In 1992 Calderdale College was given its 'independence'. In reality it was taken out of local authority control and given a degree of self-government but overseen by the newly created Further Education Funding Council which now had its hands on the money supply. The principal now re-designated as 'Chief Executive' addressed the staff to inform them that under EU law we would merely be transferred to our new employer's staff' without any change to conditions and terms of employment'.

I remained sceptical of the real direction events were likely to follow. Sure enough, within a few months the college management began referring to 'new contracts of employment' which it would like us to sign. It was not radically different to our existing contracts we were told. A closer examination of the wording however, told a different story. Increased teaching hours; minimum number of hours to remain on college premises; reduced holidays. It was inevitable that many staff would refuse to sign the new contract. I was one of them.

There was a standoff between the trade union NATFHE and management. During 1993 talk of possible redundancies began to circulate for the first time. By 1994 the offer terms for redundancy had been put on the table although from a legal perspective this was not possible because student numbers were increasing. Only a few lecturers put themselves forward. A second, improved offer was made in early 1995. Again, there was only a very limited takeup. This, coupled with the continued refusal of members of staff to sign the new contract posed acute difficulties for the college. Its funding would be reduced by the FEFC based upon an assumption that all members of staff were on the new contract.

This was, of course, not the case and the college found itself in something of a financial quandary. I sensed that another, somewhat improved offer would be made. Management had stated that the second offer was final but the general perception amongst the staff was that this was bluff. Sure enough, a third offer was put on the table accompanied by a statement indicating that this really was going to be the final offer. The persuasive element was the reference to compulsory redundancies.

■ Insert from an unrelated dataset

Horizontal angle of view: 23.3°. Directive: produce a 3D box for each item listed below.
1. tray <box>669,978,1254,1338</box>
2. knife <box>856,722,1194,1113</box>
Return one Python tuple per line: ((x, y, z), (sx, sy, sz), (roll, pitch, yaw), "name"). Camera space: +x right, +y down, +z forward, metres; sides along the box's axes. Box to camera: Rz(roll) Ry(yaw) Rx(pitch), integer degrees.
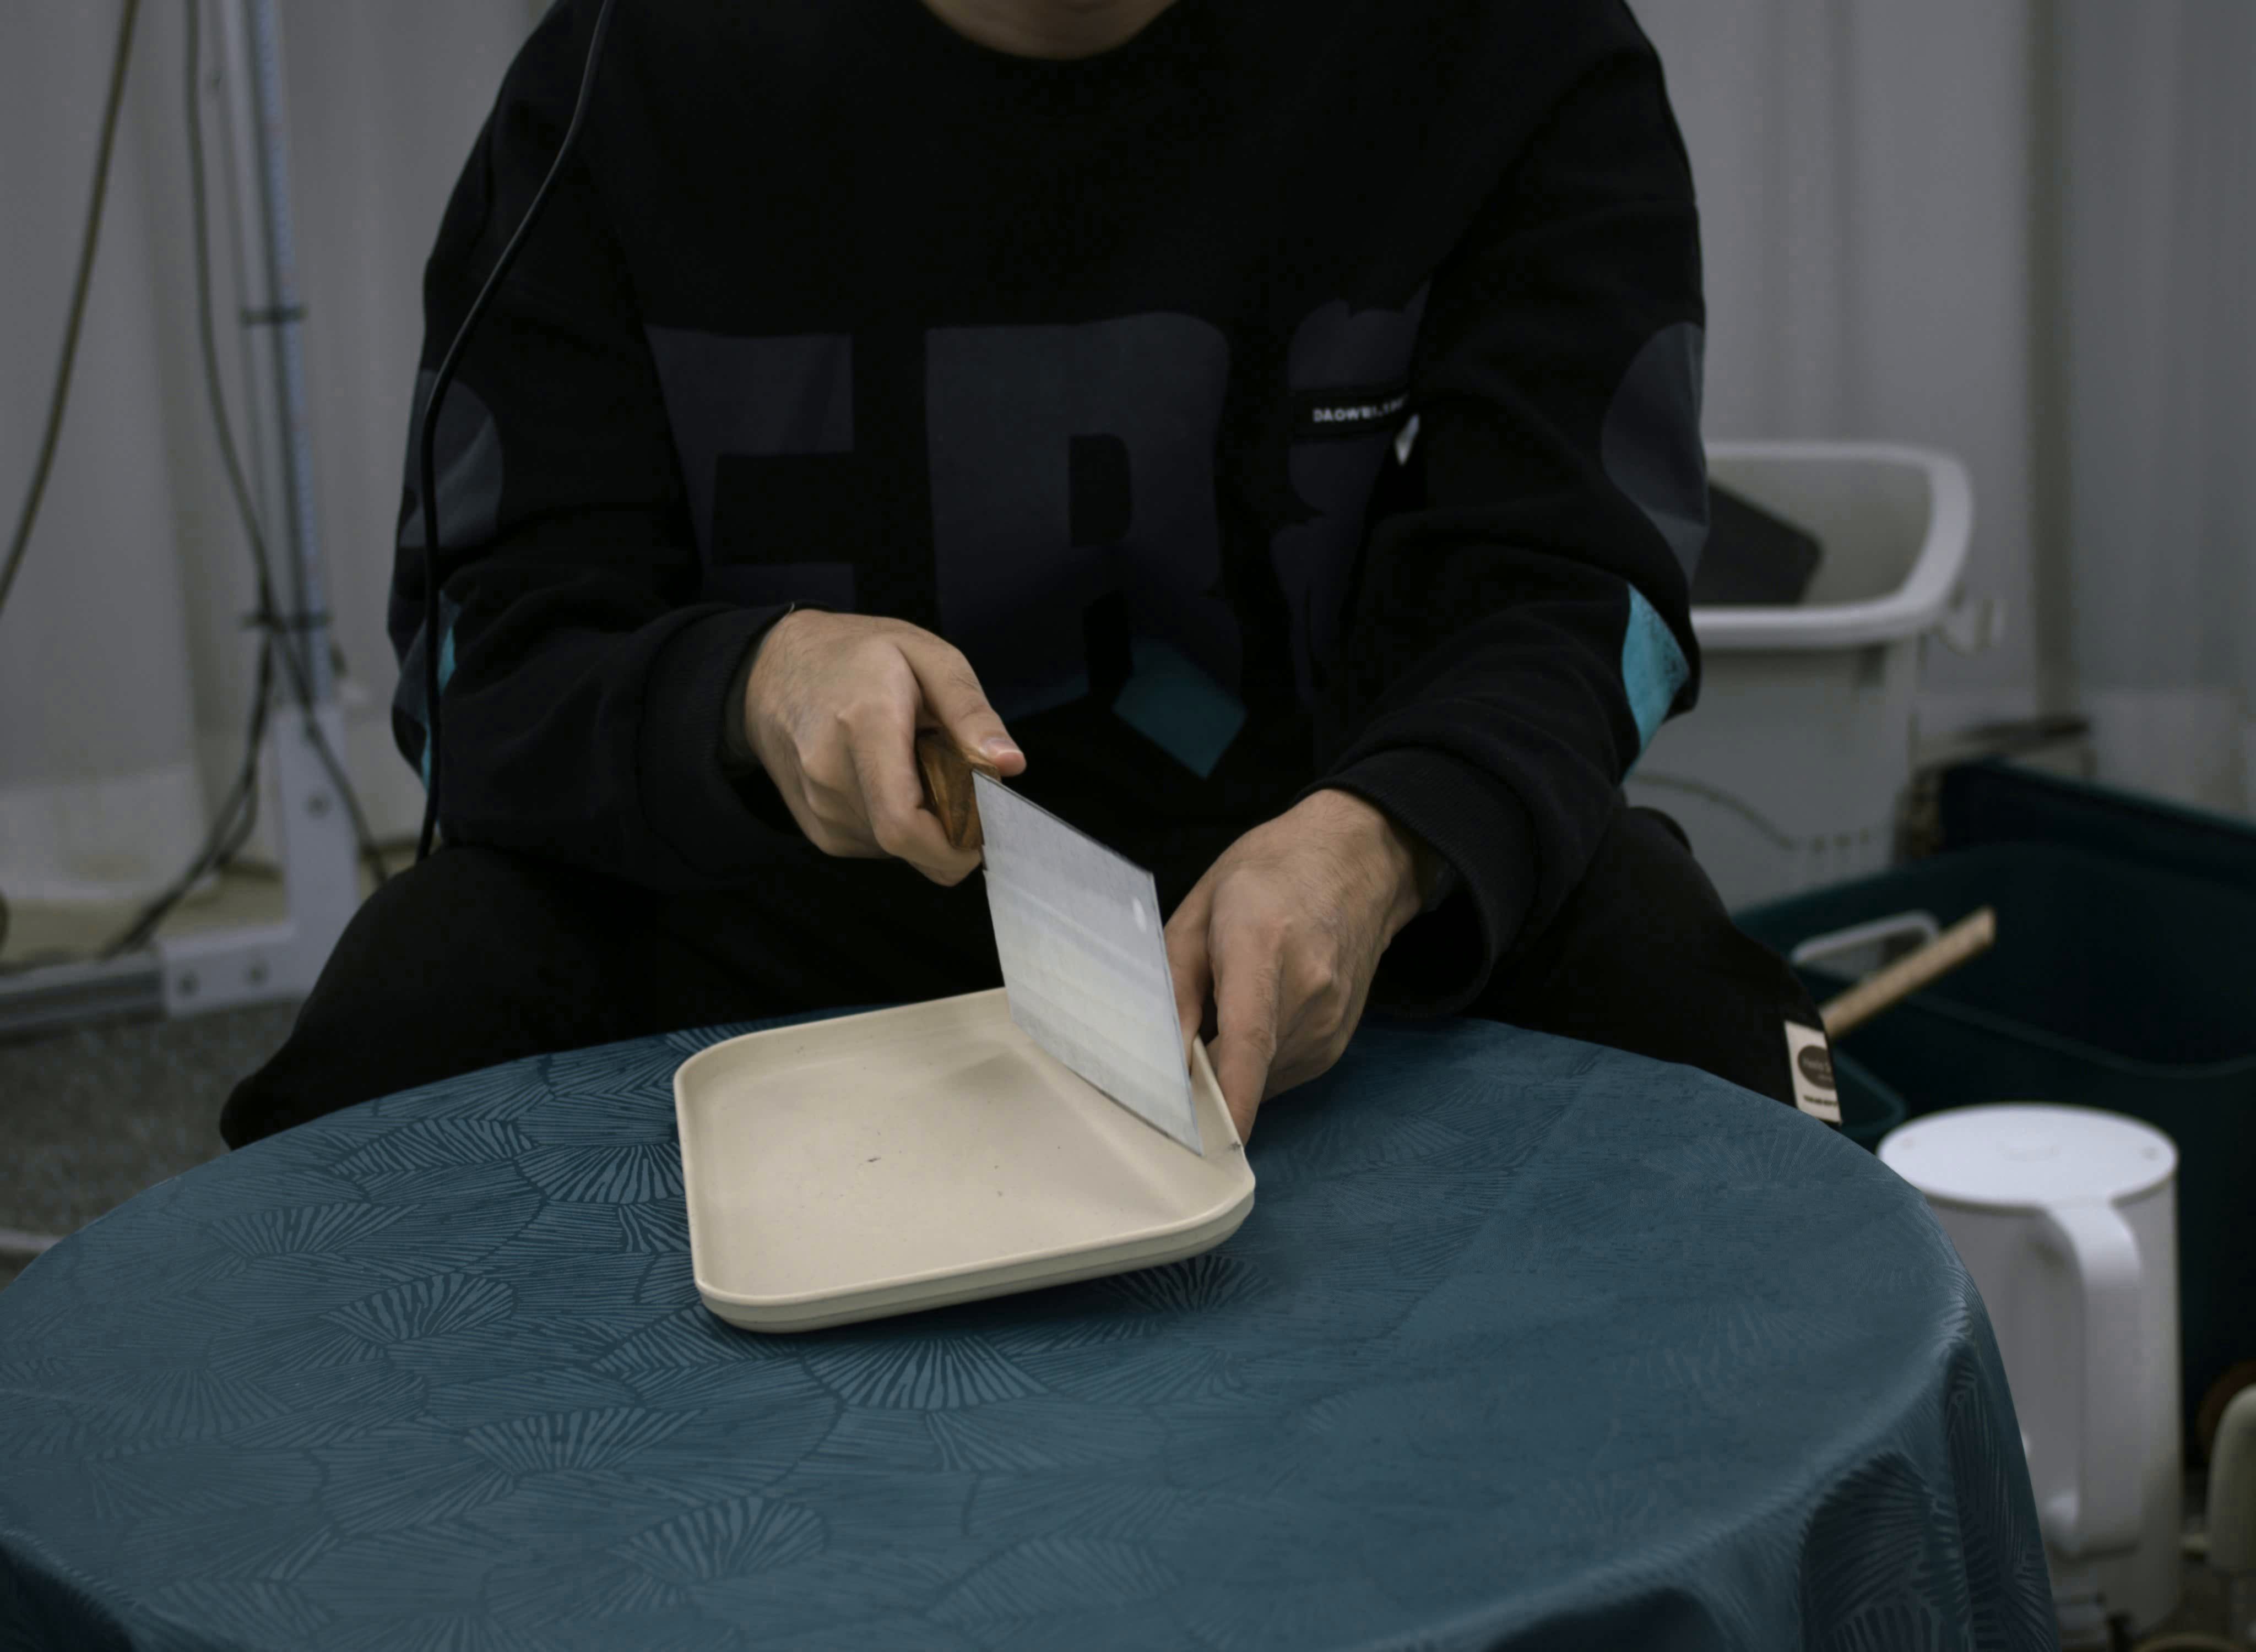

Although it would have been difficult for the college to follow this course of action I concluded that the time had come to 'get out'. I had had enough and was ready to 'throw the towel in' after more than two years of bitterness exacerbated by my dispute over another matter. I, along with forty four other members of the full-time teaching staff, took up the offer put on the table. It contained a single tax free payment of around ten months salary, In addition, I received a lump sum of around nine months salary as part of my pension and a monthly pension of 26% of my final salary. It was not a brilliant payoff but with the inflation linking it was acceptable. I decided to 'bite the bullet' and take early retirement. It is a decision I have never had cause to regret.